If you do have a boat, fish the edges of channels, points and other identifiable bottom changes where shrimp or other baitfish are located. Whiting are great at locating bait by scent, so one common practice is to peel the shrimp before you use it as bait. Fresh shrimp does seem to work better than smelly, old shrimp.
Also, if you catch a few fish and the action slows, move to another spot. You may not have to move far, as the whiting will usually bite rather quickly if they are in the area.
When considering an offshore species, the dolphin is certainly one that provides a lot of fishing opportunities and success for South Carolina saltwater anglers. This prolific fish is found in big numbers off the coast right now and will provide good fishing throughout the summer.
This fish species has many qualities that make it a favorite among saltwater fishermen. The dolphin averages excellent size, grows tremendously fast, fights hard and jumps high. With liberal creel limits, it can be caught in big numbers and provides exciting, fast-paced action. As table fare, it is ranks at the top of the list, according to many saltwater anglers.
But according to one dolphin expert, there's even more. Don Hammond is a Marine Fisheries Biologist with Cooperative Science Services LLC. Hammond has been conducing long-term studies of the dolphin, which include satellite tracking. He was also the long-term recognized dolphin expert with the South Carolina Department of Natural Resources (SCDNR) before his retirement.
"From all indications, the dolphin is one of the few saltwater species where fish stocks are in good shape," Hammond said. "But the dolphin has more going for it than good abundance. Based on the data we have from research, it is the most important fish to the bluewater troll fisheries from North Carolina to Florida."
There are some very specific features and patterns that anglers need to key on to find and catch dolphin consistently.
According to some veteran dolphin fishermen, there are general areas that will be consistently productive, but each trip is different in terms of exactly where you'll find fish.

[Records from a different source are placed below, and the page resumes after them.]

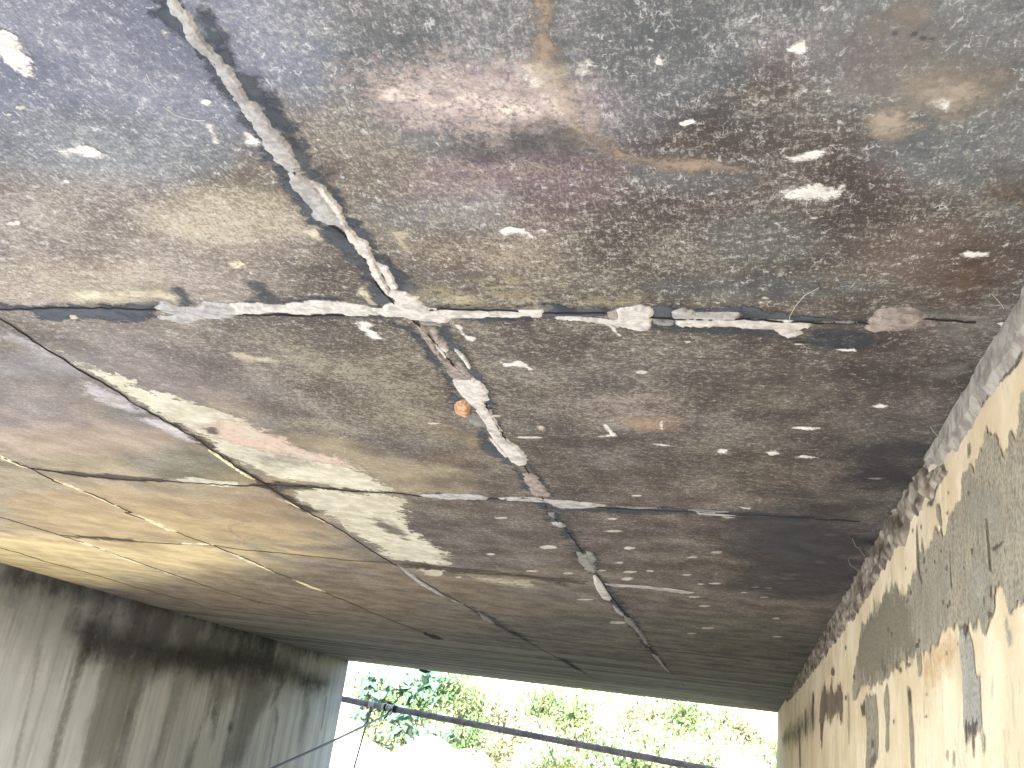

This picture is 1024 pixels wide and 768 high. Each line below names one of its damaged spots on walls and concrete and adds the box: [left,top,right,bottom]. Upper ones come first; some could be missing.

water stain [7,567,324,689]
peeling [3,334,545,589]
crack [0,0,870,687]
peeling [785,285,1024,749]
crack [922,316,976,324]

Look for specific things that will attract dolphin, such as water temperature variables. Seams where water temperatures change rapidly can be prime spots for dolphin to congregate and are recognized by a quick change in surface temperature.
Other features to key on include a noticeable tide line, birds feeding on bait and schools of bait that are spotted near the surface. In addition, floating patches of grass are a prime place. Actually, any debris like floating lumber, a sheet of plywood, even a piece of Styrofoam from a dock are dolphin attractors. Essentially, anything floating has the potential to attract and hold dolphin.
"Dolphin tend to run in the upper water column," Hammond said. "So, fishermen generally fish near or on the surface."
When trolling, most dolphin fishermen keep the boat speed around 5 to 7 knots. Many prefer natural baits rigged with colored skirts or artificial lures. Sometimes dolphin will be so numerous in an area anglers can stop trolling and actually cast to them. When this occurs, the best advice is to try and keep one hooked at all times. It seems to have a positive effect on keeping the others in a bite mode. As soon as another dolphin is hooked up, get the other one in. Often multiple dolphin can be hooked at any given time.
This is a great fish to pursue if you want to hire a guide or charter boat for a day of fishing.